[Extracted records]
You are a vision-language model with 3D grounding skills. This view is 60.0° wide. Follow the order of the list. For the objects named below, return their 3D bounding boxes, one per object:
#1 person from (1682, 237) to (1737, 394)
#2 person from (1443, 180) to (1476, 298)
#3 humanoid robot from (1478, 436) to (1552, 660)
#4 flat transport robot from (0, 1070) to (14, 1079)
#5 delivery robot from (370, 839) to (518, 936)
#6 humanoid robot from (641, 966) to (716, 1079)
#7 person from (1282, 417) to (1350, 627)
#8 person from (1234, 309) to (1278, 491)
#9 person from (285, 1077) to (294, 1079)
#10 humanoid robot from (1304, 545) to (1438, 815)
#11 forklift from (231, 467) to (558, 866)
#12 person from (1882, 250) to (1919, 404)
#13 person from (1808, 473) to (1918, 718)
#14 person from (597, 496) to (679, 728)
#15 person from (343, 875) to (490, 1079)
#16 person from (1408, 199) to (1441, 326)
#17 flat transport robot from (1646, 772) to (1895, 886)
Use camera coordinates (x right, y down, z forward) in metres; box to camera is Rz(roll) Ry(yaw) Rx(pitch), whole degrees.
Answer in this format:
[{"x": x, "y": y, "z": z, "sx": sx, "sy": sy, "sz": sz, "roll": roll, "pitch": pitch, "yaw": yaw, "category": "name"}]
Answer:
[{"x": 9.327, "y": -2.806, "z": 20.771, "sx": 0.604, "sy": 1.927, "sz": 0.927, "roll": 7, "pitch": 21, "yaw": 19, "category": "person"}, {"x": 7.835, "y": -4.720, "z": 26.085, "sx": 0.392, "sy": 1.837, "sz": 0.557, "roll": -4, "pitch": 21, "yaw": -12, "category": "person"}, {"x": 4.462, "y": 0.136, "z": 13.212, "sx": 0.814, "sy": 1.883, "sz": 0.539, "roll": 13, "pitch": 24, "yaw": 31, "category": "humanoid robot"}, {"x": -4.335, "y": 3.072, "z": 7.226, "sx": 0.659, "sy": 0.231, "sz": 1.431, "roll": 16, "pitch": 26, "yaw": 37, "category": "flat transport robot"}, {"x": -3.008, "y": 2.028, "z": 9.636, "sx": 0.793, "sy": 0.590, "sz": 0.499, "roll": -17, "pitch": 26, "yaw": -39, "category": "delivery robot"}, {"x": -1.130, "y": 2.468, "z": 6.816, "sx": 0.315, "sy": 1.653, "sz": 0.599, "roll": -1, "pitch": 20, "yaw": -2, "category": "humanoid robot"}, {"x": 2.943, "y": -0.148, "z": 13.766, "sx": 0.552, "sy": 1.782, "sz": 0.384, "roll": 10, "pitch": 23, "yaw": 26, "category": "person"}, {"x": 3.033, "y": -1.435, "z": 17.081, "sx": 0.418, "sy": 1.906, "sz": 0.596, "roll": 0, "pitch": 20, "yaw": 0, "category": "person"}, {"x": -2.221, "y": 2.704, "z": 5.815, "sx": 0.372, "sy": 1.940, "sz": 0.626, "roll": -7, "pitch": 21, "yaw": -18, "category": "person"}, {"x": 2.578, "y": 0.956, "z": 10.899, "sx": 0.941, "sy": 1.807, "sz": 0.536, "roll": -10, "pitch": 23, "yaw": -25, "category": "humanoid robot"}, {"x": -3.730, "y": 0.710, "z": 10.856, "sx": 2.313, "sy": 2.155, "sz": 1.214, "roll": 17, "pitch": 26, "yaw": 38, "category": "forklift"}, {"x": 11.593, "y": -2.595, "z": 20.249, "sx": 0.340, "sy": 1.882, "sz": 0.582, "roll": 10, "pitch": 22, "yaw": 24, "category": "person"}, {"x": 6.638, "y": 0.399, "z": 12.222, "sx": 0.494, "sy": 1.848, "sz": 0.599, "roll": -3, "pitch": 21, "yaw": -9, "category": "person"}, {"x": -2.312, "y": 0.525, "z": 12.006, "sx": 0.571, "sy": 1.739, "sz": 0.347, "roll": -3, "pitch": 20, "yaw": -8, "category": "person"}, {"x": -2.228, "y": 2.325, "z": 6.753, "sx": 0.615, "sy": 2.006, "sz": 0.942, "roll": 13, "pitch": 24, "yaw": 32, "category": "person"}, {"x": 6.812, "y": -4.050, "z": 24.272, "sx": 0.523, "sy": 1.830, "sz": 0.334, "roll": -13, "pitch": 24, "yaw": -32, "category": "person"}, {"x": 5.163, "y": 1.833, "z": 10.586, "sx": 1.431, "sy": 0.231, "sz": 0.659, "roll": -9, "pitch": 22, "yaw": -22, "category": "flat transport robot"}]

* * *

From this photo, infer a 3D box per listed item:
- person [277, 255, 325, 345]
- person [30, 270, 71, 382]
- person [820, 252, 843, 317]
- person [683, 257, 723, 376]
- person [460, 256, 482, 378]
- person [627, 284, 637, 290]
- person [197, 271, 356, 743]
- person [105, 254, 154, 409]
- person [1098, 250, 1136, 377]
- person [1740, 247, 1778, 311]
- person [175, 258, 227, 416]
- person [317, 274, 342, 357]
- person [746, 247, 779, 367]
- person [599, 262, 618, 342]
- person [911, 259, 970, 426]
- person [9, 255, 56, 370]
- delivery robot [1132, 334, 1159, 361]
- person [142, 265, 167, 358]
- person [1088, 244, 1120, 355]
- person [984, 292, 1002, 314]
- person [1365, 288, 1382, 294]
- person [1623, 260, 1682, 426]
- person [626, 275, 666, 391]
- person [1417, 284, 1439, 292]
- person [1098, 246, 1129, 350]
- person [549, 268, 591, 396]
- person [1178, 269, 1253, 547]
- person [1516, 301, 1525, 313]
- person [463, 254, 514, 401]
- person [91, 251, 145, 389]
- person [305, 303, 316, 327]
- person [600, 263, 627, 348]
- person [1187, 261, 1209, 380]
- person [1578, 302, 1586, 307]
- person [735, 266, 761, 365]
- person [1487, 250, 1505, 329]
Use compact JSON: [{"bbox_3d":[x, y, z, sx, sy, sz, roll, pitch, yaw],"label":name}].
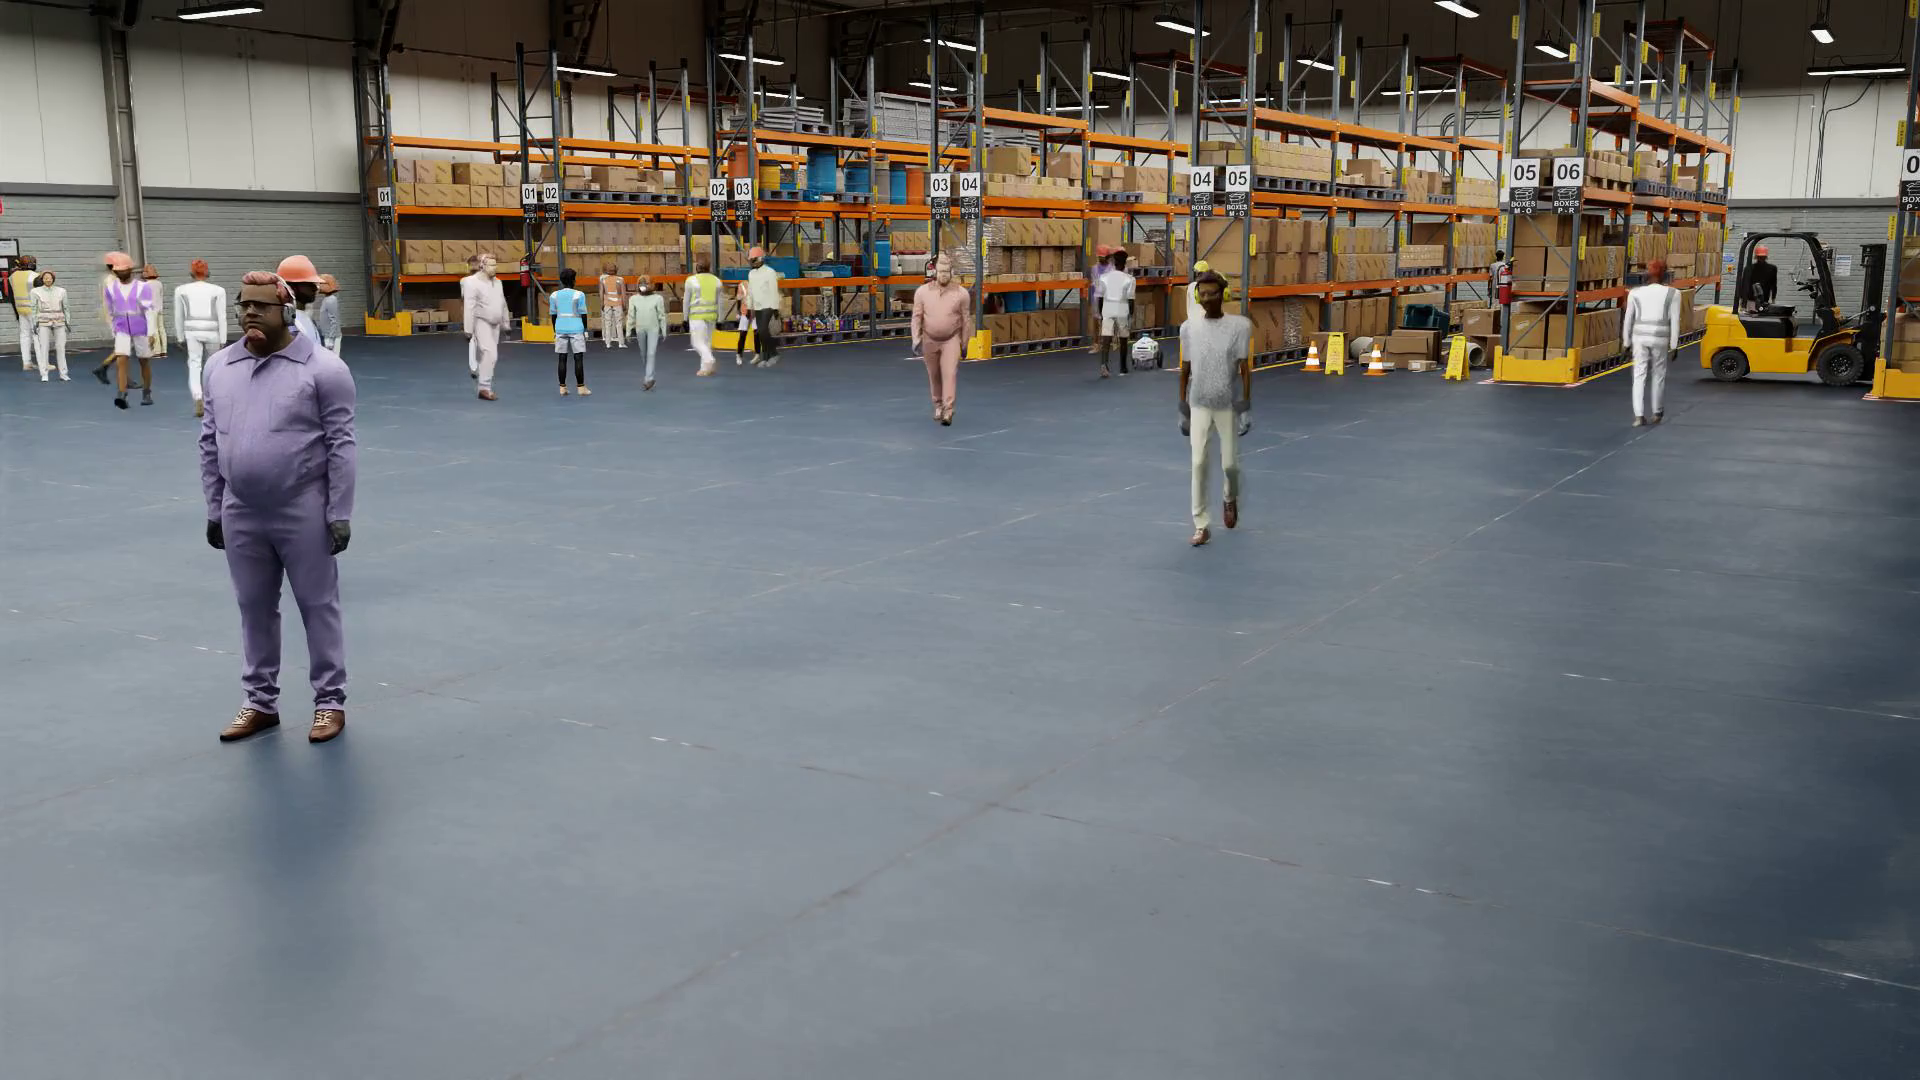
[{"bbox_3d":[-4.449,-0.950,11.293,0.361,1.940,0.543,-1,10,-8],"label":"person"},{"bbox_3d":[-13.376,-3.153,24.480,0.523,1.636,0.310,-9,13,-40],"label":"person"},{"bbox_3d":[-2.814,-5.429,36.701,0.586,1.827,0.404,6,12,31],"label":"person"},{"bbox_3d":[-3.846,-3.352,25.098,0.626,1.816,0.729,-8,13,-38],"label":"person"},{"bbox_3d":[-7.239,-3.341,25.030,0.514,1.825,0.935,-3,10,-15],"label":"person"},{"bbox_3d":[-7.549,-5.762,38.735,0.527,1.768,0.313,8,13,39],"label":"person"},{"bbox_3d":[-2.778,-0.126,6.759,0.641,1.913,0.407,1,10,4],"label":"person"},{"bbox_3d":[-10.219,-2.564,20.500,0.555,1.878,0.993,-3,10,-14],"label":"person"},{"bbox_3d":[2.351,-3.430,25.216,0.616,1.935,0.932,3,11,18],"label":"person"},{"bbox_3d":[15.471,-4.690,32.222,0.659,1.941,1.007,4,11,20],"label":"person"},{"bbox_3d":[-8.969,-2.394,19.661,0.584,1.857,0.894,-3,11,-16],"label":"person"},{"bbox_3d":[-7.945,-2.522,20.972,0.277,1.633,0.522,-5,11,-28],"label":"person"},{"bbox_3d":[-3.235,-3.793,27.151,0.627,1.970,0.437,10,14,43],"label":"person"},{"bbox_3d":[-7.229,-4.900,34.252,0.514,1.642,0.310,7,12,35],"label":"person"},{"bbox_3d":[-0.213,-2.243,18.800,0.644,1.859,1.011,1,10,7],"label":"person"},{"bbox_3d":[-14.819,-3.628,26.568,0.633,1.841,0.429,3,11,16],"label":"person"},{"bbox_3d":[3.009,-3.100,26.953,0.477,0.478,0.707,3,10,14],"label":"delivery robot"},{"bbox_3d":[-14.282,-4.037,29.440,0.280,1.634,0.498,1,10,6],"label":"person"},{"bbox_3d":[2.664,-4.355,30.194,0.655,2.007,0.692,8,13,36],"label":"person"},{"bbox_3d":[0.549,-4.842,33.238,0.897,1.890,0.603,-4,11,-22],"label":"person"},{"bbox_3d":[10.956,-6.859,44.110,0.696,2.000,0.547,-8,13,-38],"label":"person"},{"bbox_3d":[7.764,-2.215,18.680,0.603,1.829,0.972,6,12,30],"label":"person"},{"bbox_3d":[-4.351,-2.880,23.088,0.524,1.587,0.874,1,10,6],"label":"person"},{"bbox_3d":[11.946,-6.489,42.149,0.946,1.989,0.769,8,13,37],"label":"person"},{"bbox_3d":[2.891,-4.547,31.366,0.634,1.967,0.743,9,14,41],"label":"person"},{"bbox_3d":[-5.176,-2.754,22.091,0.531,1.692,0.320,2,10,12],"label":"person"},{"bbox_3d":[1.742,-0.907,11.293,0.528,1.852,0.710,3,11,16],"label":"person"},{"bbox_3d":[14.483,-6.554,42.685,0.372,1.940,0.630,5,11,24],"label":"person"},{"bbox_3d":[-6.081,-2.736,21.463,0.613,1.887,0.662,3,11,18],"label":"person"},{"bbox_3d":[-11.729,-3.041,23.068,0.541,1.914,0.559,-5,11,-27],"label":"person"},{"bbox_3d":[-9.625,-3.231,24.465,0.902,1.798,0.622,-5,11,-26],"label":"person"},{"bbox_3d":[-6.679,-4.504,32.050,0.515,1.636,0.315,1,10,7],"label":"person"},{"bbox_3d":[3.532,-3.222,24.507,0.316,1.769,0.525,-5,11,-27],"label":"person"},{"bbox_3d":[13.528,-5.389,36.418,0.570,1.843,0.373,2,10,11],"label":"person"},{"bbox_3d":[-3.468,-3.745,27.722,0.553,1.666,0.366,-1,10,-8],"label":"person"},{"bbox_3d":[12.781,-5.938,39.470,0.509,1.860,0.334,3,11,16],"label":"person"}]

# [Your assignment]
From the entries above, return exactly the line containing "- person [1740, 247, 1778, 311]", the line containing "- person [1487, 250, 1505, 329]", and all lines between, and nothing else.

# [Exercise response]
- person [1740, 247, 1778, 311]
- person [175, 258, 227, 416]
- person [317, 274, 342, 357]
- person [746, 247, 779, 367]
- person [599, 262, 618, 342]
- person [911, 259, 970, 426]
- person [9, 255, 56, 370]
- delivery robot [1132, 334, 1159, 361]
- person [142, 265, 167, 358]
- person [1088, 244, 1120, 355]
- person [984, 292, 1002, 314]
- person [1365, 288, 1382, 294]
- person [1623, 260, 1682, 426]
- person [626, 275, 666, 391]
- person [1417, 284, 1439, 292]
- person [1098, 246, 1129, 350]
- person [549, 268, 591, 396]
- person [1178, 269, 1253, 547]
- person [1516, 301, 1525, 313]
- person [463, 254, 514, 401]
- person [91, 251, 145, 389]
- person [305, 303, 316, 327]
- person [600, 263, 627, 348]
- person [1187, 261, 1209, 380]
- person [1578, 302, 1586, 307]
- person [735, 266, 761, 365]
- person [1487, 250, 1505, 329]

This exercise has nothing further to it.